The records below must be transcribed exactly. Do not include the pictures.

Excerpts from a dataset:
*-*-*

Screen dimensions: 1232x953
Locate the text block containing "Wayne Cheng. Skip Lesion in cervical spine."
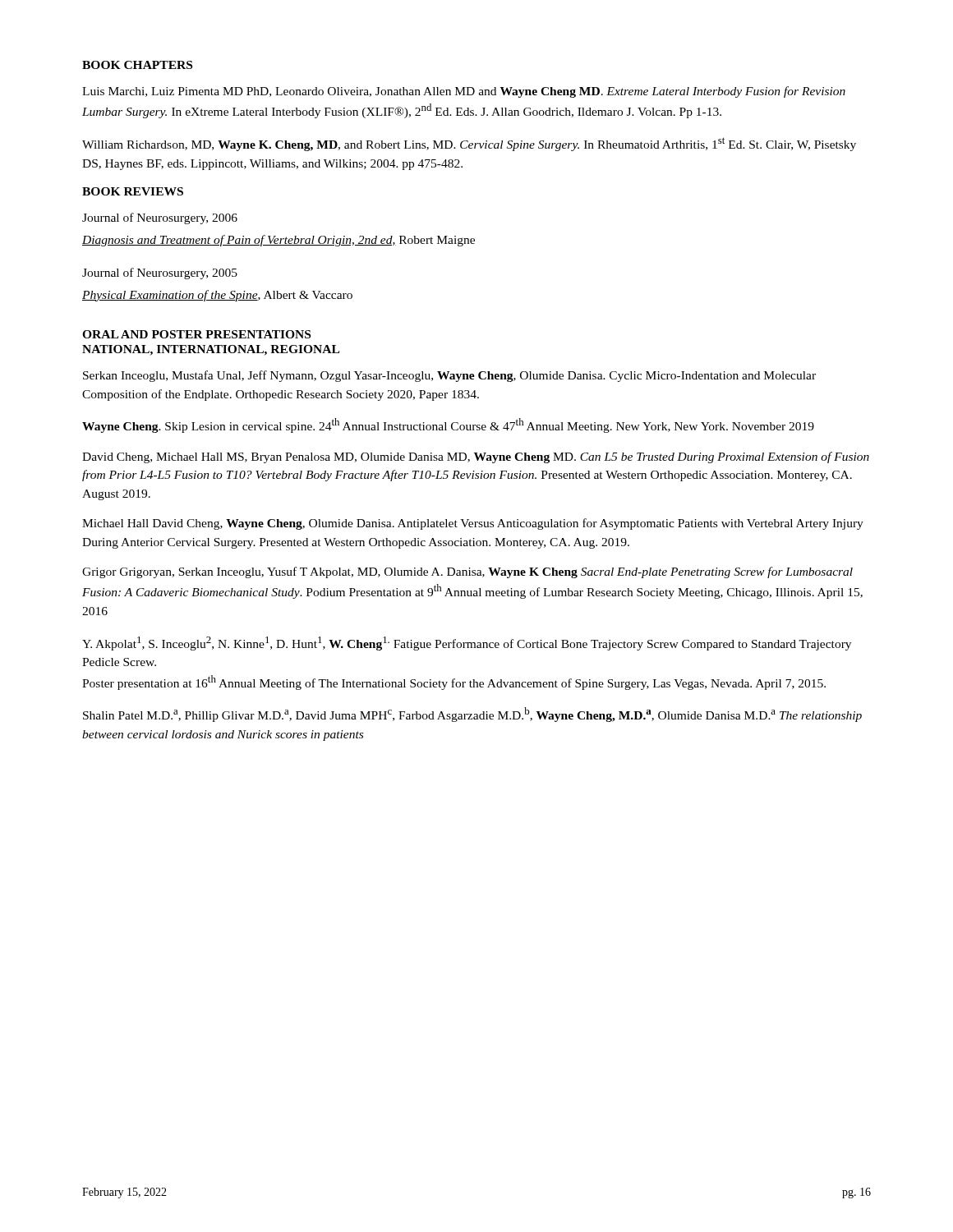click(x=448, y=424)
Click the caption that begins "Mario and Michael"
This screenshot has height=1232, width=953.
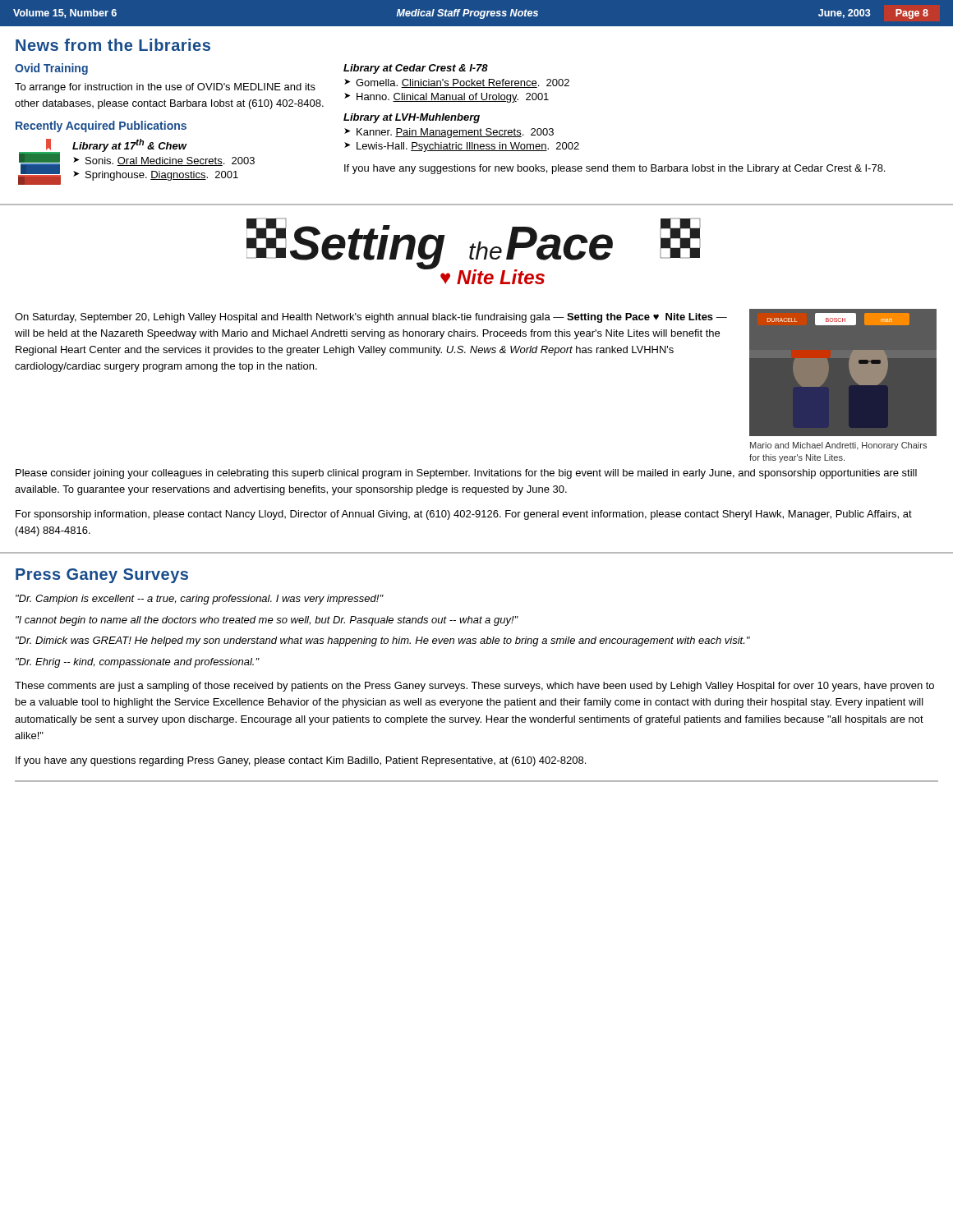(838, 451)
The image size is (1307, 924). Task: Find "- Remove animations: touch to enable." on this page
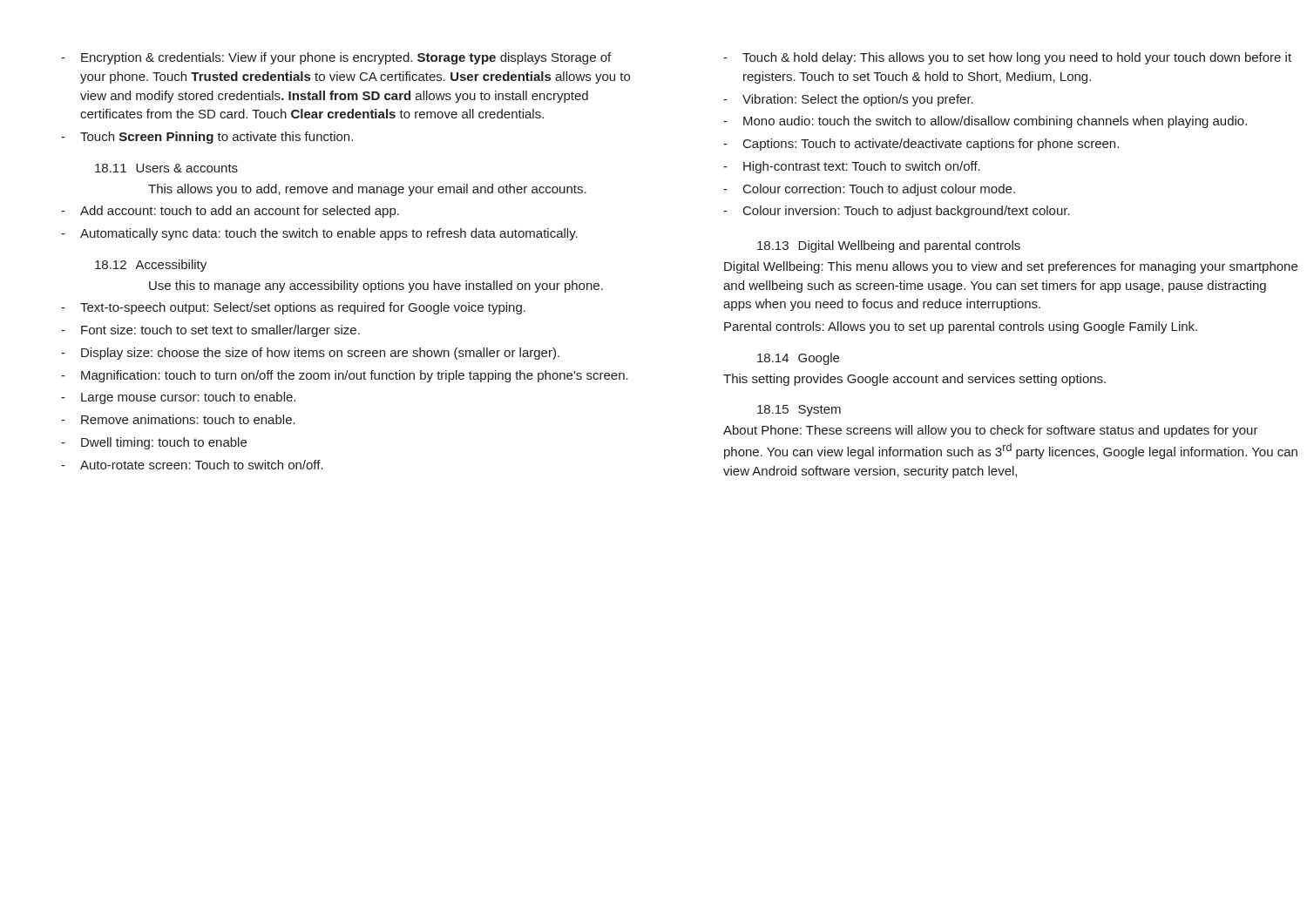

*-*-*

* [SOLUTION]
Screen dimensions: 1232x953
Locate the text block containing "Wayne Cheng. Skip Lesion in cervical spine."
click(x=448, y=424)
Click the caption that begins "Mario and Michael"
This screenshot has height=1232, width=953.
(838, 451)
The image size is (1307, 924). Task: Find "- Remove animations: touch to enable." on this page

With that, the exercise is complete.